From the prior art Wegmesssysteme for Zentralausrücker in Kupplungsausrücksystemen are already known. For example, the not yet published discloses DE 10 2017 101 639 A1 a Zentralausrücker for a hydraulic or pneumatic clutch actuator, preferably for a clutch actuator of a motor vehicle to fit a housing and thus at least translationally firmly connected, acting as a pressure chamber cylinder, in particular a cylinder with an annular cross section and a piston, in particular an annular piston, in the Cylinder is translationally displaceable and a position determining unit with which a signal with respect to the translational position of the piston relative to the housing can be generated, the Zentralausrücker having a gear with a rotary member, wherein the transmission, the translational movement of the piston in a rotational movement of the rotary member is convertible and the position determining unit is adapted to generate a signal with respect to the angular position of the rotary member.

The prior art, however, always has the disadvantage that so-called wobbling movements of the release bearing, which results from a clearance between a guide aid of the clutch slave cylinder and the piston, cause a disturbing basic signal for the displacement signal to be measured of the piston, so that the position of the piston is not is detected correctly. This results in measurement inaccuracies of up to one millimeter, which are to be avoided. However, since the play between the guide sleeve and the piston is unavoidable, particularly in the use of plastic piston, or avoidance of the game is not desirable, but a larger game leads to higher tumbling movements of the bearing, the existing solutions of the prior art are not sufficient to accurately detect the travel position of the piston.

It is therefore the object of the invention to avoid or at least reduce the disadvantages of the prior art. In particular, a Zentralausrücker to be developed with a displacement measuring system, in which the measurement of the displacement sensor is decoupled from the wobbling motion between the bearing and the displacement sensor, so that the displacement signal of the piston can be measured accurately.

The object of the invention is achieved in a generic device according to the invention in that the position sensor is attached to a connected to the piston of the central release lever, wherein the lever is designed so that it is between the position sensor and a point of articulation between the piston of the Zentralausrückers and the Position measuring system has at least two rotational degrees of freedom. In this case, a position between the position sensor and the articulation point means that the position sensor and the articulation point are included, so that a rotational degree of freedom can also be integrated in the position sensor or the articulation point.
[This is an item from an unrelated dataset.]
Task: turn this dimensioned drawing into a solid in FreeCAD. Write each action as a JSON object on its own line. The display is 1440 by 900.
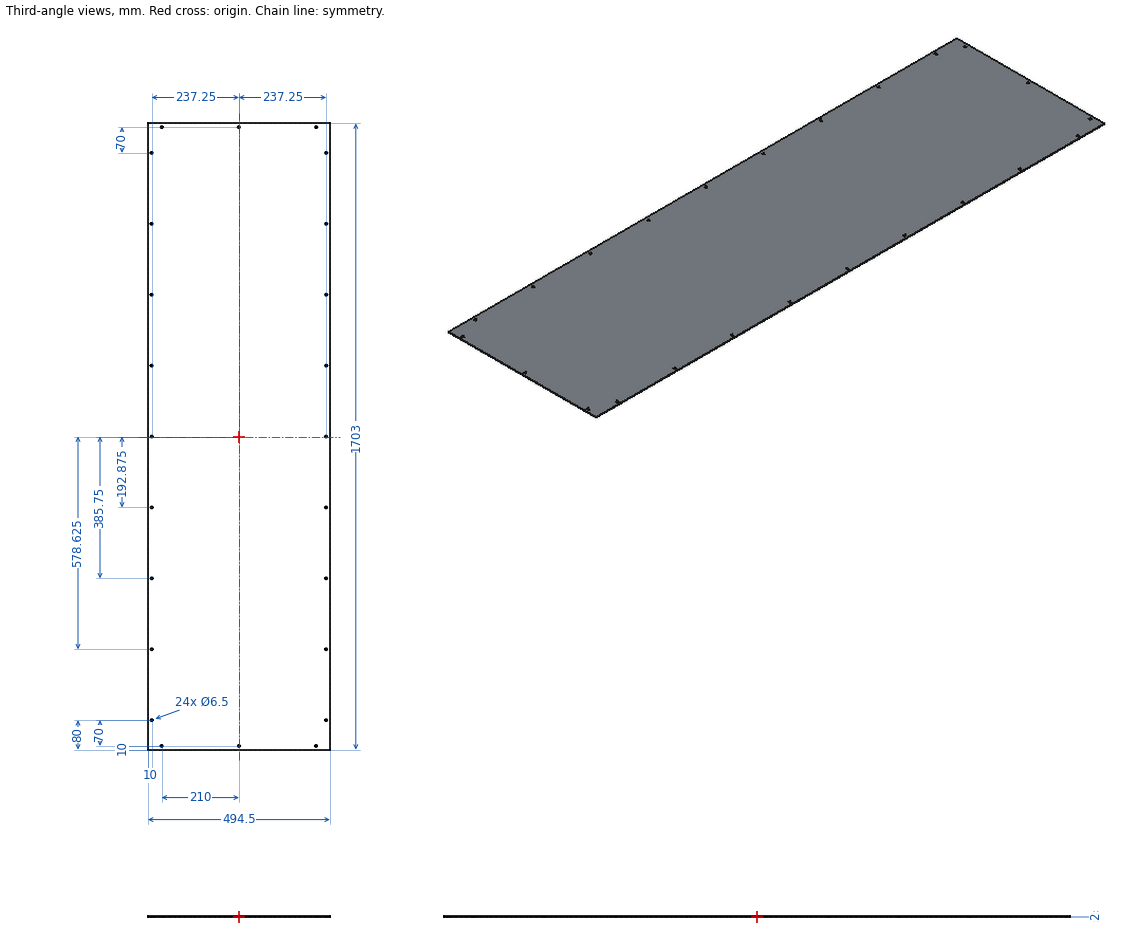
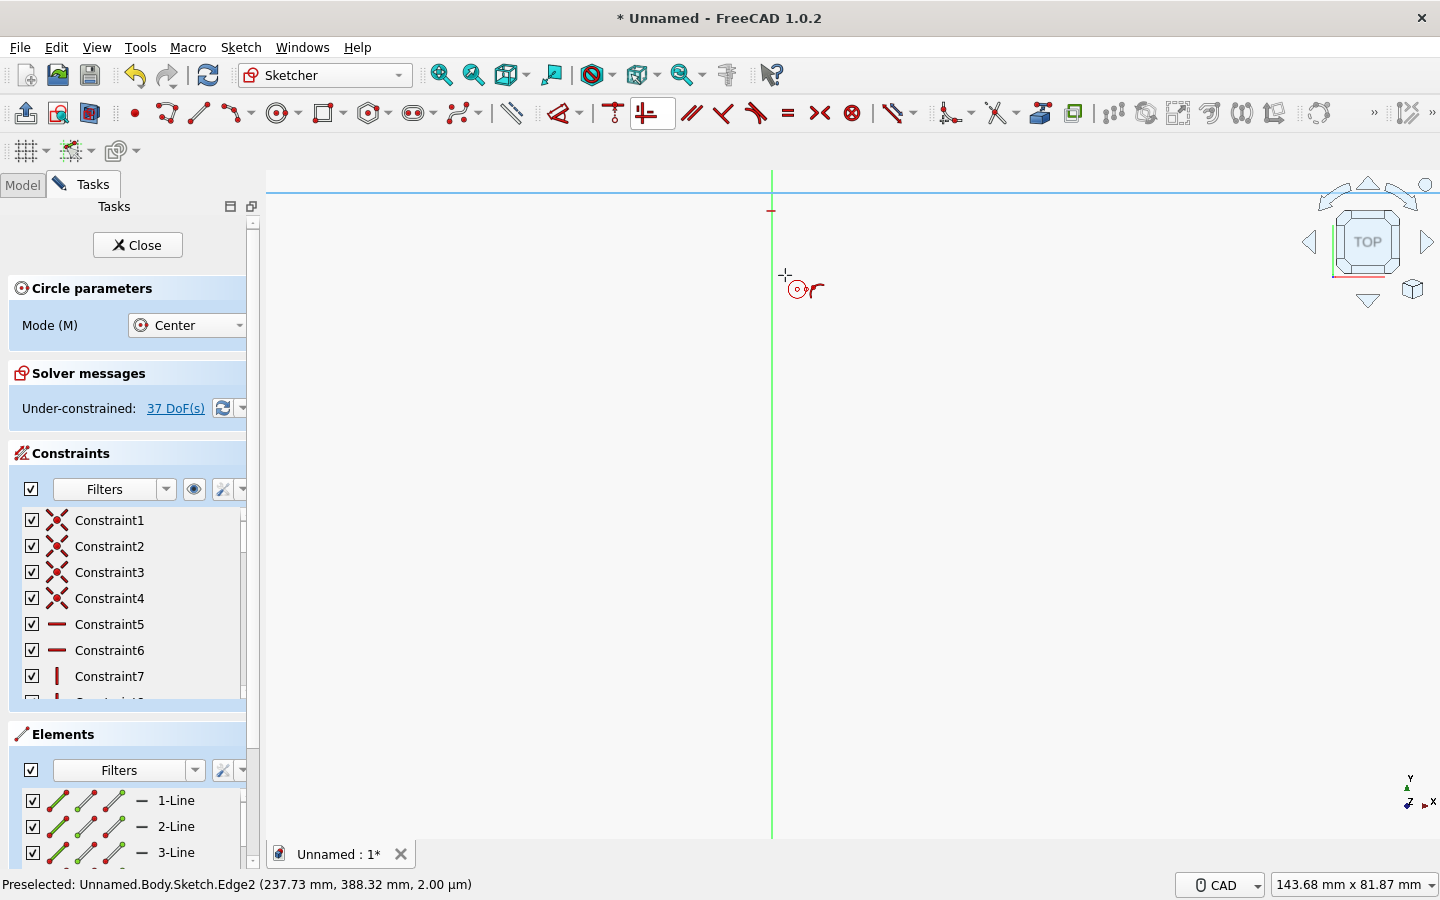
{"action": "scroll", "coordinate": [785, 275], "scroll_direction": "down", "scroll_amount": 17}
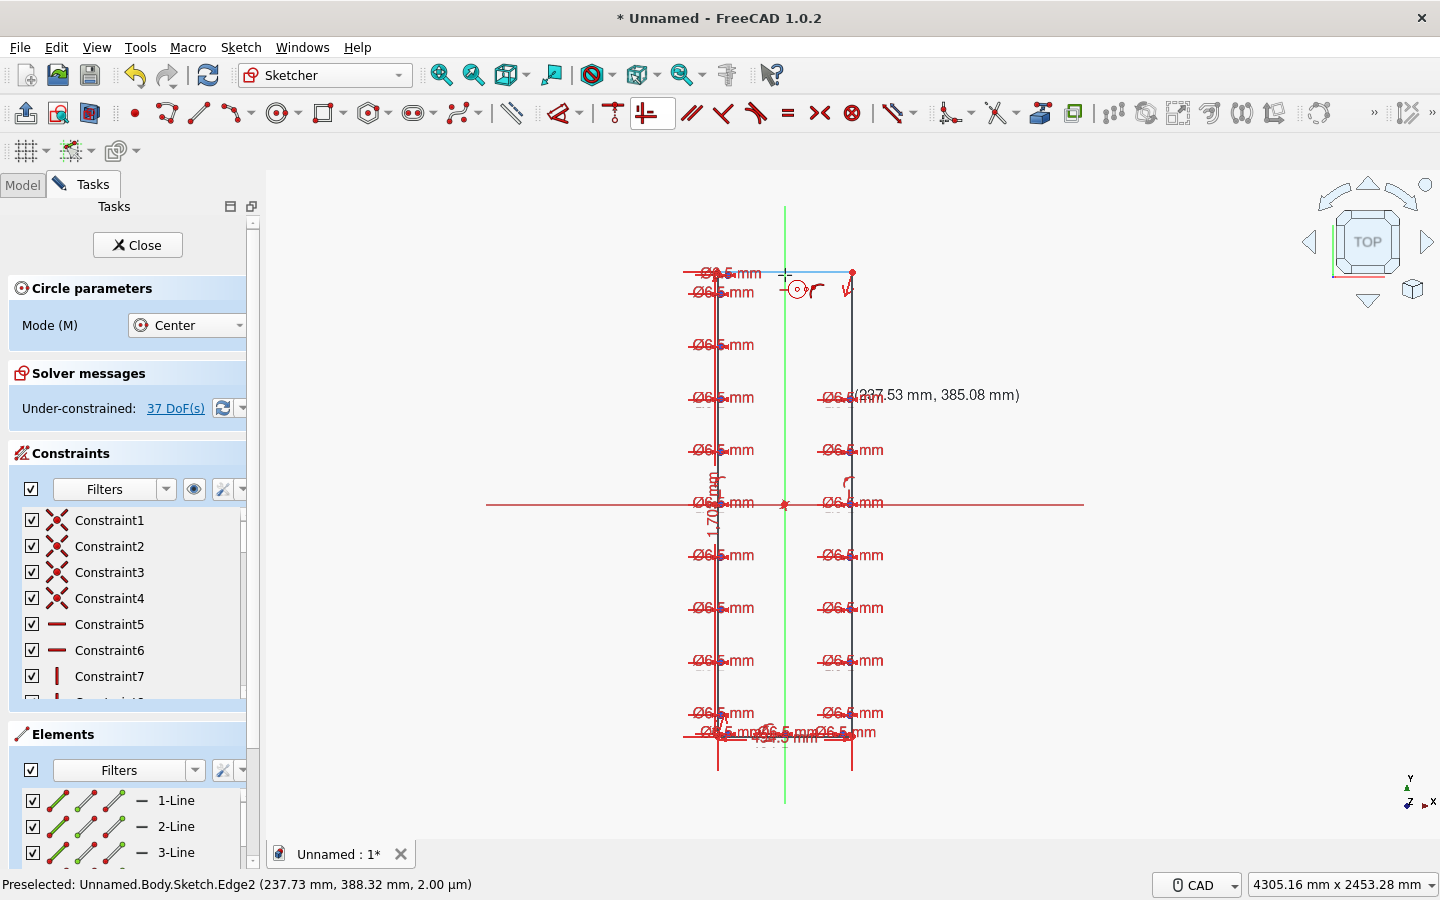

In this case, the point of articulation between the piston of the central release and the distance measuring systems in an axially displaceable point whose position it is to be considered.

This has the advantage that even with a tumbling motion of the piston with a release bearing, ie upon pivoting of the piston about an axis perpendicular to the disengagement axis, ie the axial direction, the position of the piston in the axial direction can be accurately detected.

Advantageous embodiments are claimed in the subclaims and are explained in more detail below.

In addition, it is expedient if the lever is designed such that it has a first rotational degree of freedom about an axis perpendicular to the axial direction, ie independent first axis, ie a Y-axis, and a second rotational degree of freedom about a to the axial direction and to the first axis , ie independent second axis, ie Z-axis, owns.

Furthermore, it is advantageous if the lever has a first pivot which allows or decouples a rotation about the first axis.

It is also advantageous if the lever has a second pivot, which allows or decouples a rotation / pivoting about the second axis.

A favorable embodiment is characterized in that the lever has a rotary lever, wherein the rotary lever is pivotally connected to the housing via the first rotary joint or the second rotary joint.

Furthermore, it is expedient if the lever has a fork which, via the first rotary joint or the second rotary joint on the rotary lever is rotatably connected and is at the pivot point in rolling contact with the piston of the Zentralausrückers.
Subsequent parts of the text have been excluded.